The Space-Efficient Core of Vadalog

TL;DR

This paper investigates a space-efficient core of Vadalog, focusing on restricted recursion patterns that maintain tractability and expressiveness in reasoning over knowledge graphs.

Contribution

It identifies that piece-wise linear recursion within warded TGDs offers a practical and space-efficient reasoning formalism without losing essential expressiveness.

Findings

Restricted recursion patterns are common in real-world examples.

Piece-wise linear recursion maintains decidability.

The formalism balances expressiveness and space efficiency.

Abstract

Vadalog is a system for performing complex reasoning tasks such as those required in advanced knowledge graphs. The logical core of the underlying Vadalog language is the warded fragment of tuple-generating dependencies (TGDs). This formalism ensures tractable reasoning in data complexity, while a recent analysis focusing on a practical implementation led to the reasoning algorithm around which the Vadalog system is built.

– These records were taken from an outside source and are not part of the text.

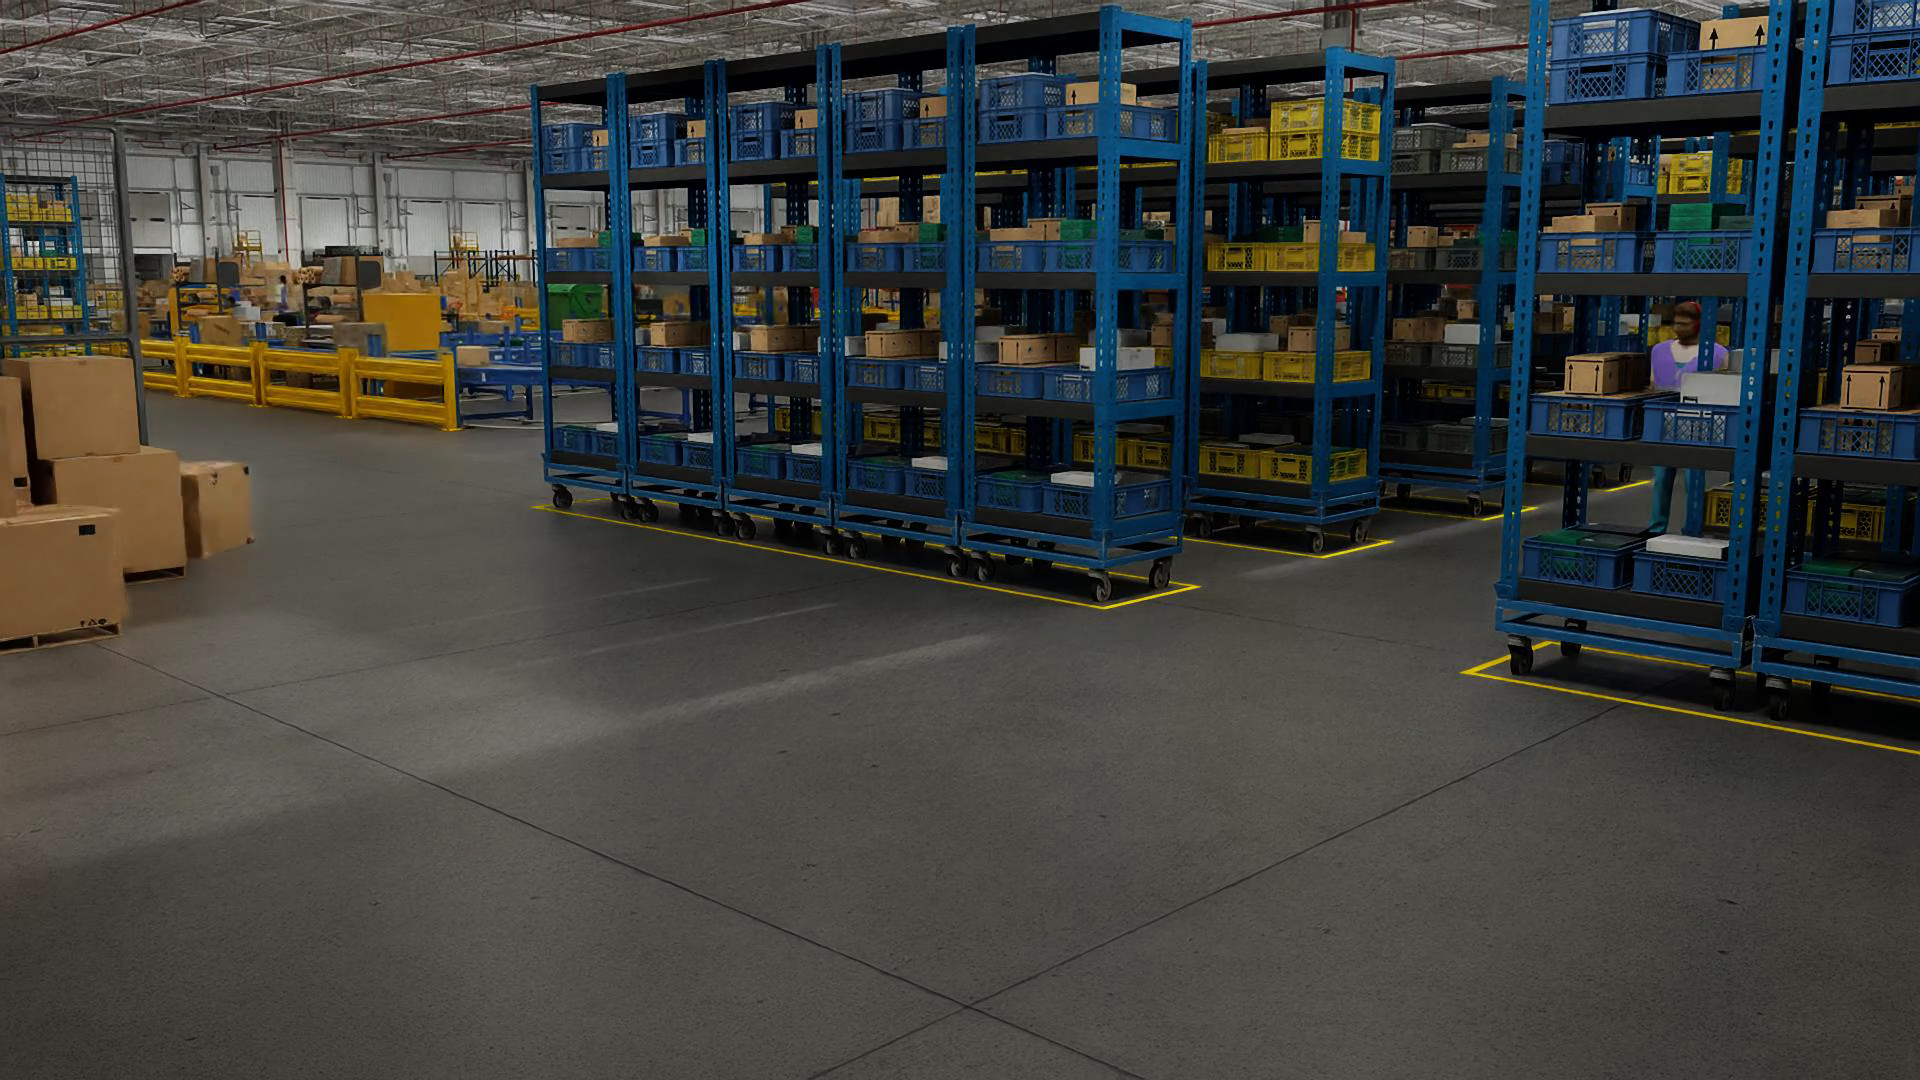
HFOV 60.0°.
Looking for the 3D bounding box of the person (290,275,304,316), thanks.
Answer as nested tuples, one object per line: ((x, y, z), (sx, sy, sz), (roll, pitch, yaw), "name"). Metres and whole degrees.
((-22.621, -8.128, 56.874), (0.539, 1.871, 1.011), (3, 10, 18), "person")

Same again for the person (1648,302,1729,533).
((5.188, -0.781, 11.922), (0.389, 1.837, 0.563), (-9, 13, -44), "person")

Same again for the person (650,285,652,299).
((-11.288, -8.710, 61.209), (0.394, 1.620, 0.500), (-2, 10, -13), "person")

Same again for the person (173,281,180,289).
((-26.050, -7.848, 55.578), (0.820, 1.731, 0.541), (-6, 11, -32), "person")

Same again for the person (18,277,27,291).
((-44.769, -11.913, 79.689), (0.373, 1.997, 0.618), (8, 12, 41), "person")

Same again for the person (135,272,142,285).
((-42.582, -12.946, 86.306), (0.605, 1.893, 0.798), (5, 11, 30), "person")

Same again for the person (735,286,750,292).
((-8.298, -9.211, 63.362), (0.566, 1.914, 0.410), (1, 9, 8), "person")

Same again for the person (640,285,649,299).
((-12.685, -9.662, 67.074), (0.383, 1.618, 0.561), (-7, 12, -38), "person")

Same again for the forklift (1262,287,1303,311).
((10.769, -8.203, 54.240), (1.129, 2.768, 1.873), (8, 12, 42), "forklift")

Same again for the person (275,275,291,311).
((-23.251, -8.137, 56.973), (0.593, 1.869, 1.001), (9, 13, 43), "person")

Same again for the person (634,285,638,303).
((-16.944, -12.920, 85.730), (0.537, 2.000, 0.715), (8, 12, 41), "person")

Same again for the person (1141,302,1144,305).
((3.572, -4.359, 34.185), (0.539, 1.738, 0.777), (6, 11, 32), "person")

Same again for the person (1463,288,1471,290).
((19.233, -9.061, 63.357), (0.630, 1.609, 0.508), (-5, 10, -26), "person")

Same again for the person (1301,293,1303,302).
((10.787, -7.291, 52.099), (0.738, 1.736, 0.553), (8, 12, 41), "person")

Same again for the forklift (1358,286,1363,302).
((11.100, -7.017, 46.970), (1.873, 2.768, 1.129), (9, 13, 43), "forklift")
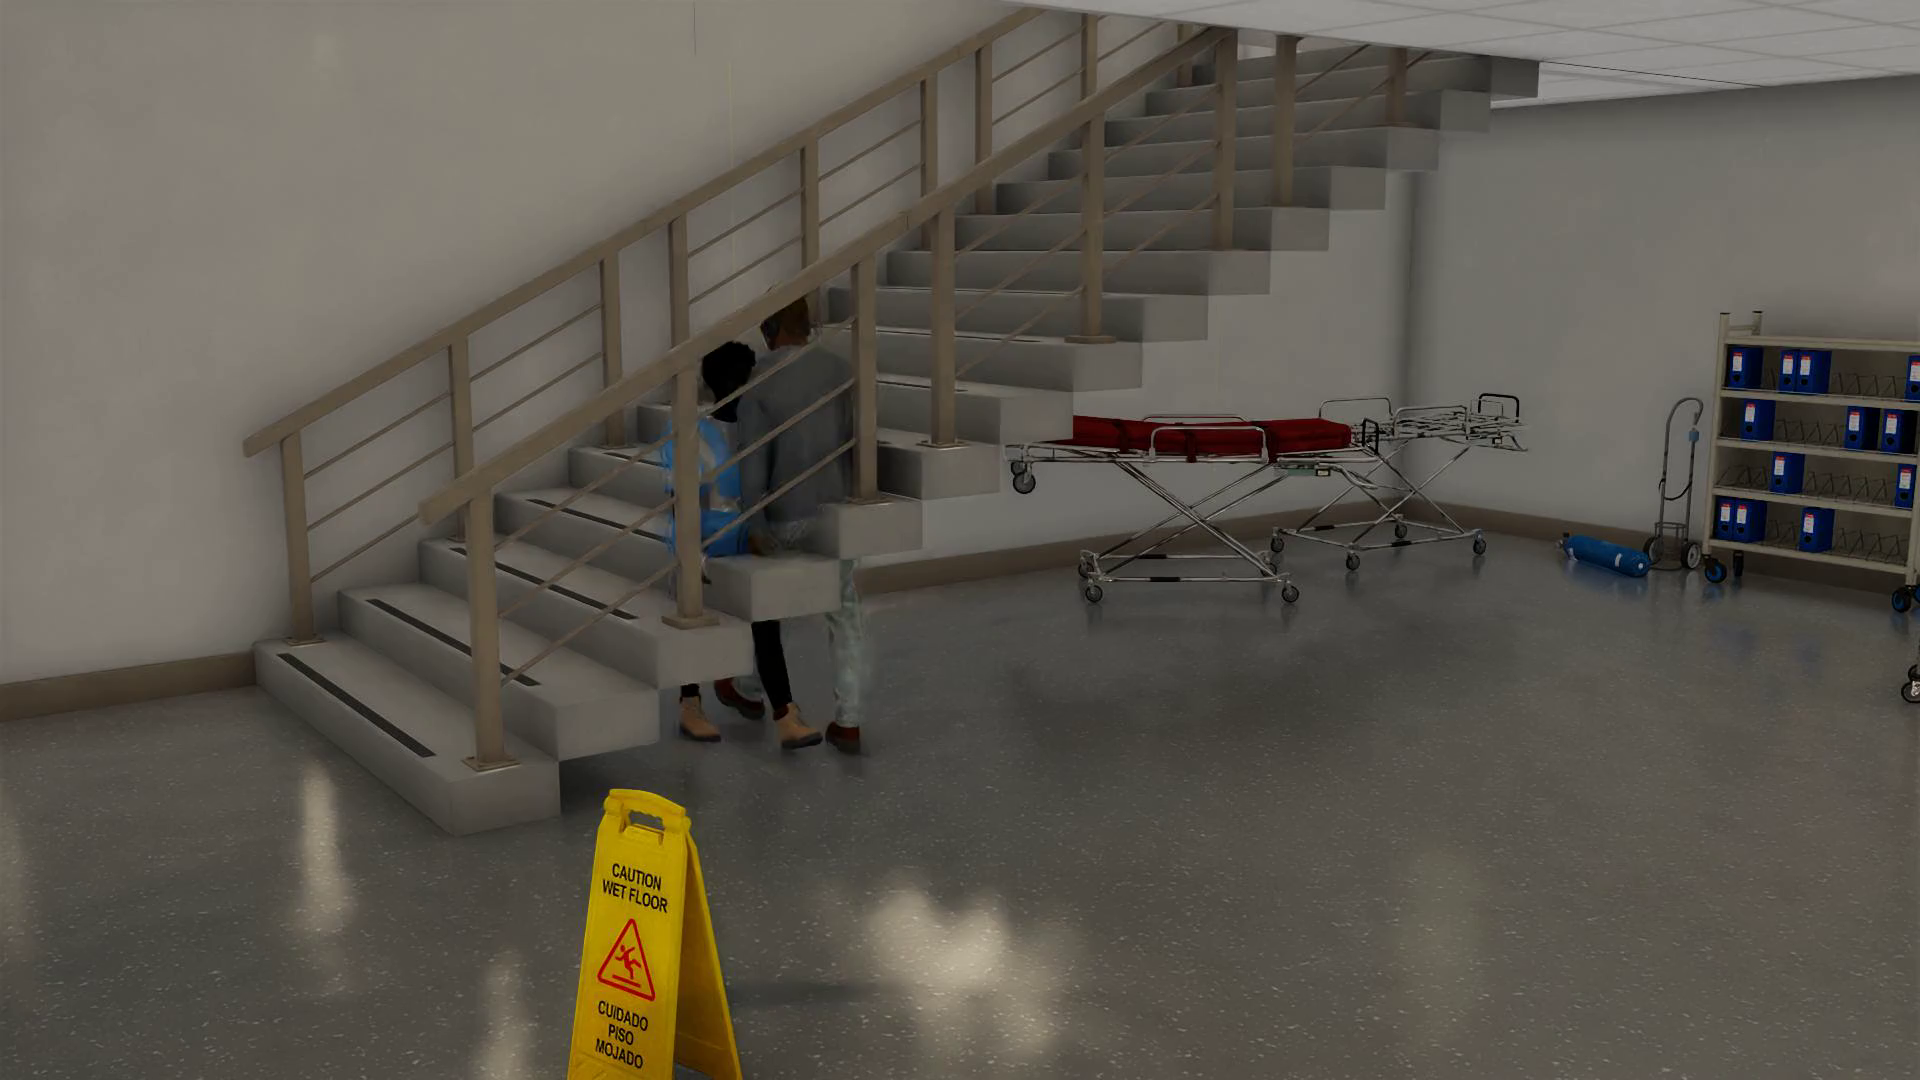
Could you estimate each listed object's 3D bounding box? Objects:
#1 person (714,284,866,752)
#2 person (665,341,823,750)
[{"bbox_3d":[-0.678,-0.108,6.918,0.657,1.879,0.994,-7,12,-34],"label":"person"},{"bbox_3d":[-0.897,0.044,6.664,0.549,1.659,0.818,-8,12,-37],"label":"person"}]
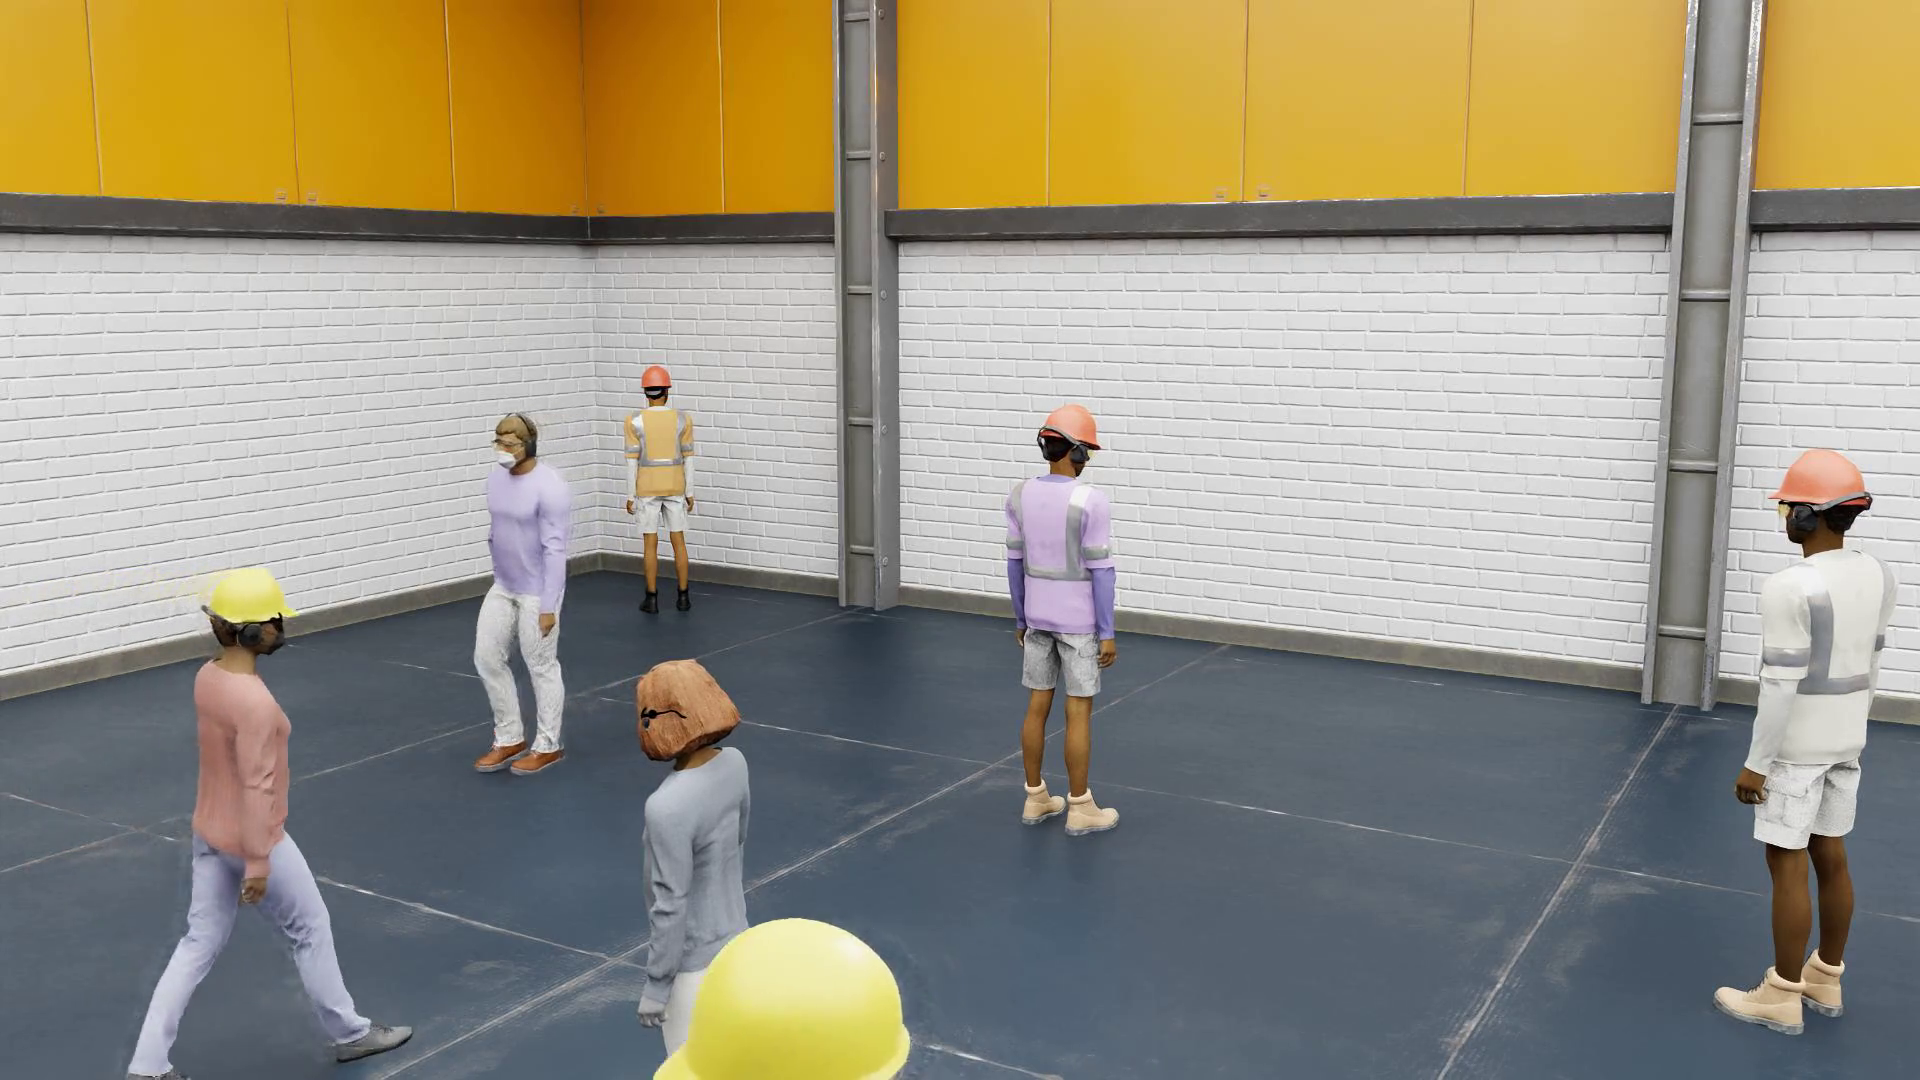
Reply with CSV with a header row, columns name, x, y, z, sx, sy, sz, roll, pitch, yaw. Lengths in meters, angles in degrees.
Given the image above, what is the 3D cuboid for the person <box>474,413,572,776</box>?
name,x,y,z,sx,sy,sz,roll,pitch,yaw
person,-2.326,0.302,8.673,0.662,1.926,0.570,7,12,38

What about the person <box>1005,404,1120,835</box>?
name,x,y,z,sx,sy,sz,roll,pitch,yaw
person,0.502,0.376,7.898,0.605,2.036,0.383,8,12,41

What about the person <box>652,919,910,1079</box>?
name,x,y,z,sx,sy,sz,roll,pitch,yaw
person,-0.226,1.382,2.019,0.702,1.904,0.604,0,9,-3

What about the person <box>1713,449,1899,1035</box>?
name,x,y,z,sx,sy,sz,roll,pitch,yaw
person,2.951,0.703,5.826,0.607,2.044,0.372,-5,11,-30

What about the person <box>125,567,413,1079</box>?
name,x,y,z,sx,sy,sz,roll,pitch,yaw
person,-2.306,0.939,5.364,0.526,1.725,0.891,8,12,43

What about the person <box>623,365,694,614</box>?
name,x,y,z,sx,sy,sz,roll,pitch,yaw
person,-2.350,-0.392,12.997,0.548,1.934,0.376,-3,10,-19

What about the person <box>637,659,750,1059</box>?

A fundamental question that has emerged in the context of Vadalog is the following: can we limit the recursion allowed by wardedness in order to obtain a formalism that provides a convenient syntax for expressing useful recursive statements, and at the same time achieves space-efficiency? After analyzing several real-life examples of warded sets of TGDs provided by our industrial partners, as well as recent benchmarks, we observed that recursion is often used in a restricted way: the body of a TGD contains at most one atom whose predicate is mutually recursive with a predicate in the head. We show that this type of recursion, known as piece-wise linear in the Datalog literature, is the answer to our main question. We further show that piece-wise linear recursion alone, without the wardedness condition, is not enough as it leads to the undecidability of reasoning. We finally study the relative expressiveness of the query languages based on (piece-wise linear) warded sets of TGDs.